Open Lime-Cakes opened 1 year ago
Hi,
the exception you're hitting is thrown when the allocation of stream buffer fails: in this case, too much memory is being used by a data stream (Single stream of length 149766584
as per the error), which can happen e.g. when having too large outputs being streamed back from the IPU to the host.
It would be great if you could share instructions to reproduce the error and SDK version you've been using: this would enable us to to share specific remedies to the issue. In the meanwhile, here are some more generic suggestions that might help:
Prefetching allows the host to prepare the next buffer for the infeed/outfeed while it waits for the IPU to compute the current buffer. You could try to reduce the buffering depth of the infeeds/outfeeds in PopART. If your program is using buffering depth greater than 1, this might improve performance but comes at the cost of increasing the memory footprint. You could alternatively try to disable prefetching, which is enabled by default. You can find more details on how to do that in our PopART user guide.
Try to switch to a different poptorch.OutputMode()
e.g. if you're using All
, you might want to try to use Final
instead. This mode only returns the last batch instead of returning a result for each batch, which would decrease the accumulated amount of output data used. See PopTorch user guide for more details.

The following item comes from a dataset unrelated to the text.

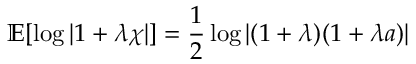Convert formula to latex. <formula><loc_0><loc_0><loc_500><loc_500>\mathbb { E } [ \log | 1 + \lambda \chi | ] = \frac { 1 } { 2 } \log \left | ( 1 + \lambda ) ( 1 + \lambda a ) \right |</formula> 
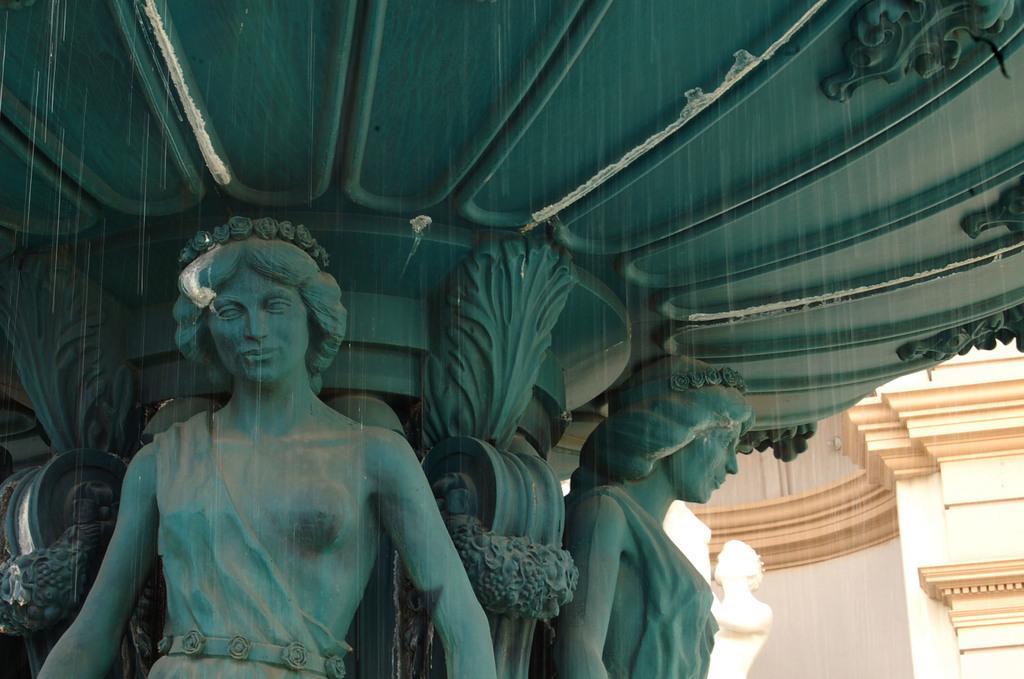How would you summarize this image in a sentence or two? In this image, I can see the sculptures. At the bottom right side of the image, It looks like a building.

Try to reduce the batch size and/or the PopTorch deviceIterations
- see PopTorch user guide.
Hope this helps for now, I encourage you to share a reproducer for us to investigate this further.
Best, Arianna
This is for training, so I left outputMode at default, which should already be last. What values would be streamed from IPU to host when training? The loss calculation would be done on the IPU since it's part of the model.
Could the stream error be related to data streaming between IPUs?
No, those streams are for IPU/host communication. Have you had a chance to try any of the other suggestions @ariannas-graphcore provided?
Yeah. Those either doesn't work, or can't be used (lower further)
By any chance are you trying to profile the Poplar executable by generating a PopVision profile? (by setting the environment variable: POPLAR_ENGINE_OPTIONS='{"autoReport.all"="true"}'
)
I have seen that occasionally cause host stream issues in the past.
We can try and provide more specific support but we would need additional information on the system, software and model you are encountering the error in:
Ideally if you can send us a code sample which reproduces the error we can provide more specific advice to help fix the problem.
Is there an explanation of this error?